7. A perception data stream processing method applied to a vehicle, comprising: obtaining a job perception data stream; before sending the job perception data stream to a server, and during the sending process, detecting a running state of the server by sending a detection data packet carrying a specified detection instruction to the server to obtain a detection result; and in a case where the detection result represents an abnormal running state of the server, sending a target instruction to the server to control the server to stop recording the job perception data. The detection of the running state of the server comprises:

8. The method of claim 7, wherein, receiving a detection feedback result sent by the server, the detection feedback result being determined by the server executing the specified detection instruction; determining an abnormal detection result representing an abnormal running state of the server based on the detection feedback result, wherein the detection feedback result comprises at least one of the following: a first detection feedback result representing an idle process resource amount of the server, and an abnormal detection result corresponding to the first detection feedback result indicating that the idle process resource of the server is abnormal; a second detection feedback result representing a system time attribute of the server, and an abnormal detection result corresponding to the second detection feedback result indicating that there is a system time synchronization abnormality between the server and the vehicle. Preferably, the detection of the running state of the server further comprises: in response to a number of feedback data packets in a target detection period not satisfying a preset number condition, determining a communication abnormality detection result, the feedback data packets being determined by the server based on the detection data packet.
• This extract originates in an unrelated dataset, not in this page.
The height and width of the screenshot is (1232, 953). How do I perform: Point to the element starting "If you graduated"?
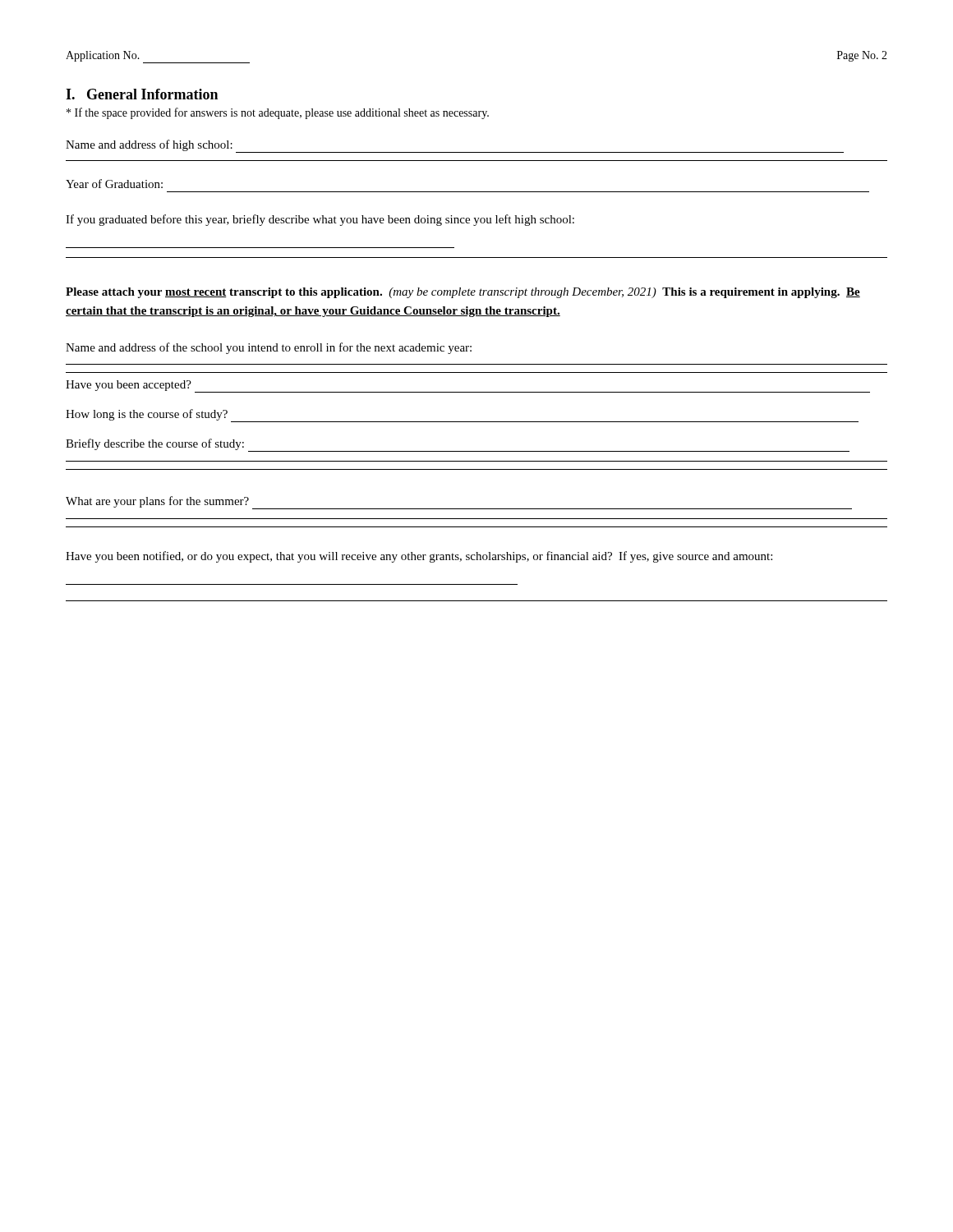click(x=320, y=230)

9. A server, comprising: a first communication module configured to receive a job perception data stream sent by a target vehicle; a storage comprising a preset storage area; a first processor configured to, in response to receiving the job perception data stream sent by the target vehicle, write a job perception data sequence determined based on the job perception data stream in the preset storage area, wherein during the receiving of the job perception data stream, the first processor is further configured to execute a specified detection instruction sent by the target vehicle to obtain a detection feedback result, the specified detection instruction being used to detect a running state of the server; the first communication module is further configured to send the detection feedback result to the target vehicle; the first processor is further configured to perform quality detection on the job perception data sequence, record the quality detection result, and process the job perception data sequence having a quality problem.
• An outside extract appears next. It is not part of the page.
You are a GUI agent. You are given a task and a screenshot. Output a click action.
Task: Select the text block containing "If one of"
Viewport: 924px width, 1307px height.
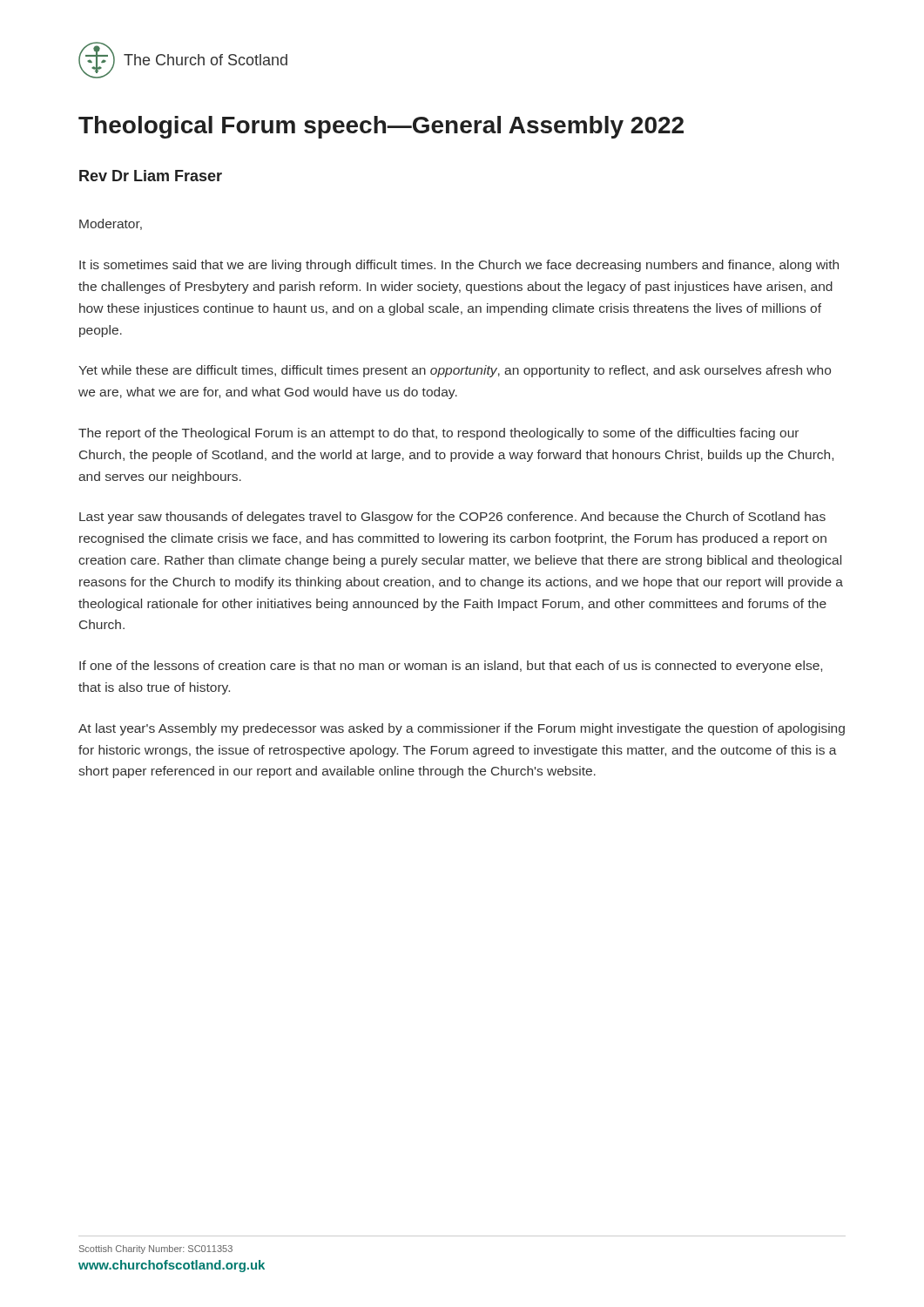(451, 676)

10. A vehicle, comprising: a collection module configured to obtain a job perception data stream; a second communication module configured to send the job perception data stream to a server. ​ The second communication module is further configured to, before sending the job awareness data stream to the server and during sending the job awareness data stream, send a detection data packet carrying a specified detection instruction to the server to detect a running state of the server, and receive a detection result; And The second processor is configured to, in a case where the detection result represents that the running state of the server is abnormal, generate a target instruction for controlling the server to stop recording the job awareness data. The second communication module is further configured to send the target instruction to the server.